▼

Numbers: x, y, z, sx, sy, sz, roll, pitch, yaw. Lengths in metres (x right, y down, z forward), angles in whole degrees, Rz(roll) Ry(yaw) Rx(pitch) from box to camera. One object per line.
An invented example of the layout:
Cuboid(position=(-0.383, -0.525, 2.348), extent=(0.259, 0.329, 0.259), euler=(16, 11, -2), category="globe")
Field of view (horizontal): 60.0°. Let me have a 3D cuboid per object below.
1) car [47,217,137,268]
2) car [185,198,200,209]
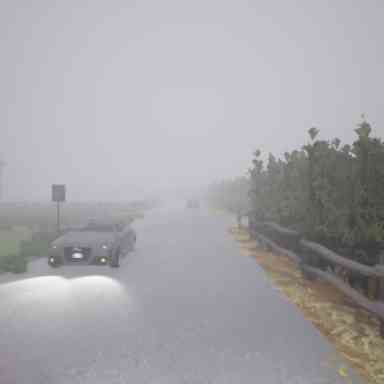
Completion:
Cuboid(position=(-3.111, 1.563, 11.130), extent=(1.994, 1.385, 4.181), euler=(0, 0, 1), category="car")
Cuboid(position=(0.098, 1.544, 44.404), extent=(2.033, 1.411, 5.357), euler=(0, 0, 0), category="car")

▲

YOUR ASSIGNMENT — Copy out, word for word, the part of the entries above that begins at the line with "An invented example" and ends at the line with "1) car [47,217,137,268]", including both.

YOUR RESPONSE —
An invented example of the layout:
Cuboid(position=(-0.383, -0.525, 2.348), extent=(0.259, 0.329, 0.259), euler=(16, 11, -2), category="globe")
Field of view (horizontal): 60.0°. Let me have a 3D cuboid per object below.
1) car [47,217,137,268]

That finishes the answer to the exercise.